- Born: 8 March 1910 Tiflis, Tiflis Governorate, Russian Empire
- Died: 4 December 1984 (aged 74) Tbilisi, Georgian SSR, Soviet Union
- Resting place: Didube Pantheon, Tbilisi
- Occupations: Theatre director, pedagogue
- Years active: 1935–1984

= Dimitri Aleksidze =

Georgian theatre director (1910–1984)

Dimitri "Dodo" Aleksandres dze Aleksidze (დიმიტრი ალექსიძე; 8 March 1910 – 4 December 1984) was a Georgian theatre director and pedagogue. A leading figure of Soviet Georgian theatre who also worked extensively in Ukraine, he directed at the Rustaveli Theatre and the Marjanishvili Theatre in Tbilisi and at the Ivan Franko Theatre in Kyiv, and was named a People's Artist of the USSR in 1976.

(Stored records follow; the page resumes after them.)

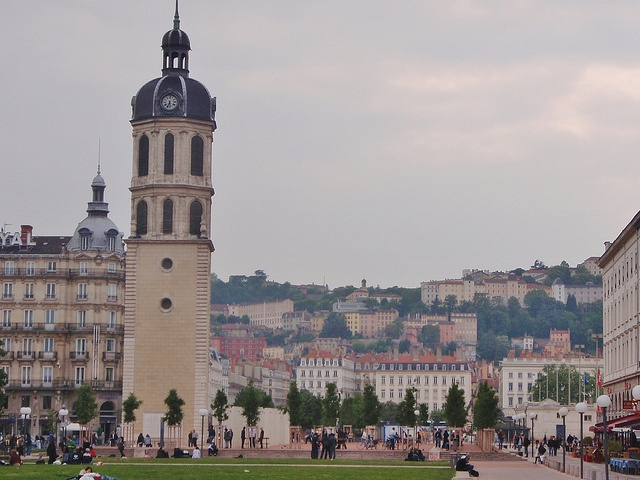Describe the objects in this image and their specific colors. I can see people in darkgray, black, and gray tones, clock in darkgray, gray, and black tones, people in darkgray, black, darkgreen, and gray tones, people in darkgray, black, maroon, and gray tones, and people in darkgray, black, and gray tones in this image. 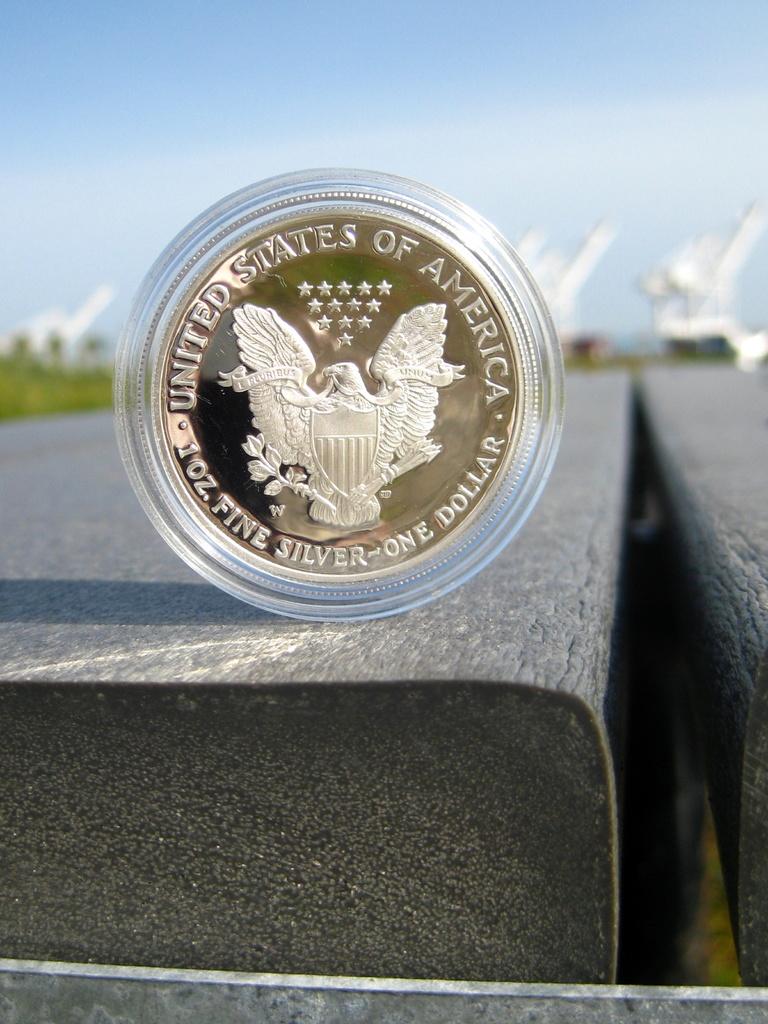What united country is written on the coin?
Provide a succinct answer. United states of america. 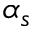<formula> <loc_0><loc_0><loc_500><loc_500>\alpha _ { s }</formula>

== Early life and education ==
Aleksidze was born on 8 March 1910 in Tiflis, the son of the poet Mariam Tkemaladze-Aleksidze, known by the pen name "Marijani". In 1934 he graduated from the directing faculty of the State Institute of Theatre Arts (GITIS) in Moscow.

== Career ==
From 1935 Aleksidze was a staging director of the Rustaveli Theatre in Tbilisi, serving as its chief director from 1959 to 1964. His 1955 production of Sophocles' Oedipus Rex is regarded as a landmark of his career; among his other Rustaveli stagings were Shakespeare's Hamlet (1960) and Vazha-Pshavela's Bakhtrioni (1960).

From 1964 to 1970 he worked in Kyiv, where he became chief director of the Ivan Franko Theatre and also led the Lesya Ukrainka Russian Drama Theatre. For his Franko Theatre production of Oleksandr Korniychuk's Memory of the Heart, he received the Shevchenko State Prize of the Ukrainian SSR.

After returning to Georgia in 1970, Aleksidze served as chief director of the Marjanishvili Theatre until his death, where his productions included Schiller's Don Carlos (1970) and a staging of Mikheil Javakhishvili's Kvachi Kvachantiradze (1974). From 1974 to 1984 he was chairman of the Theatrical Society of Georgia.

== Teaching ==
Aleksidze taught for decades at the Shota Rustaveli Theatre Institute in Tbilisi, where he headed the chair of directing and acting from 1939 to 1964 and again from 1970, and served as its rector in 1950–1951; from 1966 to 1970 he was also a professor at the theatre institute in Kyiv. A Doctor of Art Studies, his students included Ramaz Chkhikvadze, Kakhi Kavsadze, Robert Sturua and Temur Chkheidze.

== Awards and honours ==
- People's Artist of the Georgian SSR (1955)
- People's Artist of the Ukrainian SSR (1969)
- Shevchenko State Prize of the Ukrainian SSR (1971)
- People's Artist of the Abkhaz ASSR (1975)
- People's Artist of the USSR (1976)
- Shota Rustaveli State Prize of the Georgian SSR (1985, posthumous)
- Order of Lenin
- Two Orders of the Red Banner of Labour
- Order of Friendship of Peoples (1980)
- Order of the October Revolution

== Personal life ==
Aleksidze's son Giorgi Aleksidze was a noted choreographer, and his son Aleksandre was a literary scholar. Aleksidze died in Tbilisi on 4 December 1984 and was buried at the Didube Pantheon.